Ce que ne dit pas le malvoyant, c’est qu’il déteste le sport. Il a mis des années à comprendre pourquoi, il n’a même réalisé que récemment que toute son enfance et son adolescence, comme personne n’avait l’idée de dire qu’il était malvoyant (pour les filles, c’est une coquetterie, pour les parents c’est « un défaut à un œil »), il n’était pas capable de marcher sur une poutre, pas capable de renvoyer un ballon, pas capable de dribbler, paniqué à l’idée de faire du saut en hauteur parce que tout flotte quand on ne voit que d’un œil, effrayé à l’idée de lancer un javelot de peur de blesser quelqu’un. Tout le monde, prof compris, se foutait de sa capacité à rater systématiquement une passe au football, à rater la plupart de ses paniers au baskets, à rater toutes —toutes !— ses balles au tennis.

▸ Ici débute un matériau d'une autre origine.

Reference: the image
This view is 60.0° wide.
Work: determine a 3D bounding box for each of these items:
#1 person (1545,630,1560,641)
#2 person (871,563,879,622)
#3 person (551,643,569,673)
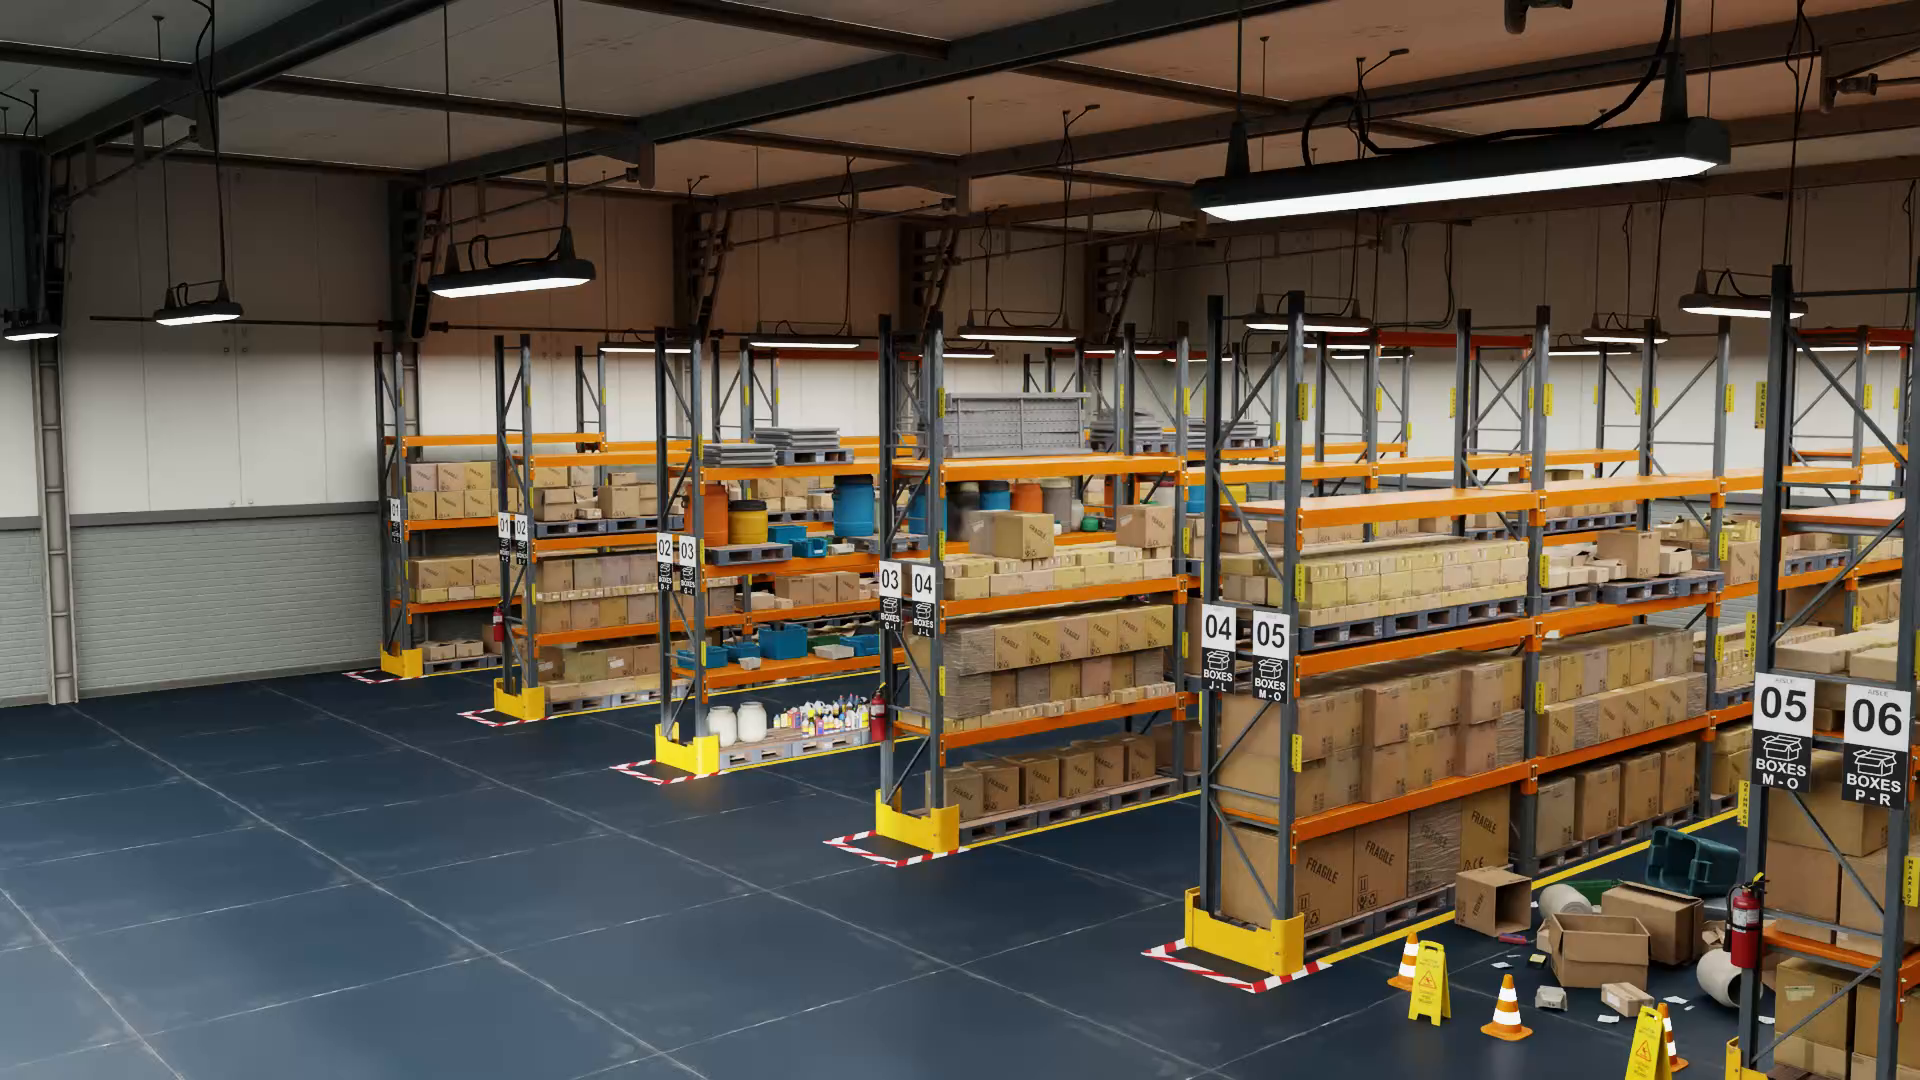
[{"bbox_3d":[8.568,2.112,23.998,0.622,1.729,0.685,-3,6,-28],"label":"person"},{"bbox_3d":[-1.627,1.211,34.451,0.544,1.593,0.887,4,7,39],"label":"person"},{"bbox_3d":[-7.165,1.744,29.577,0.582,1.490,0.821,1,5,7],"label":"person"}]

Ce que ne dit pas le malvoyant, c’est qu’il fatigue souvent de devoir, sur le ton de l’humour, réexpliquer l’éblouissement solaire quand toute la lumière vient dans un seul œil, et donc justifier d’avoir toujours une casquette à portée de main pour travailler, même en plein hiver, et des lunettes de soleil qu’aujourd’hui encore je n’avais pas rangées. Même en plein hiver. C’est toujours cocasse pour les gens autour. Soit je suis pris pour un frimeur (un touriste), soit pour un mec qui veut se faire plaindre. Or souvent je ne parle de moi que parce que, d’une certaine manière, j’ai l’impression de « documenter » ma vie, pour moi-même avant tout ; pour expliquer pourquoi, aussi. Peut-être que je suis chiant et que je devrais arrêter, d’ailleurs. On y reviendra.
Ce que ne dit pas le malvoyant, ce que ne disent pas les handicapés, souvent, c’est l’effort qu’il faut pour être gracieux.
J’y arrive plus ou moins bien. Aujourd’hui, sans raison particulière, c’est plutôt moins.
(PS : Entre l’article de la semaine dernière et celui-ci, en tout cas, le lecteur malin aura au moins saisi la notion de polyhandicap.)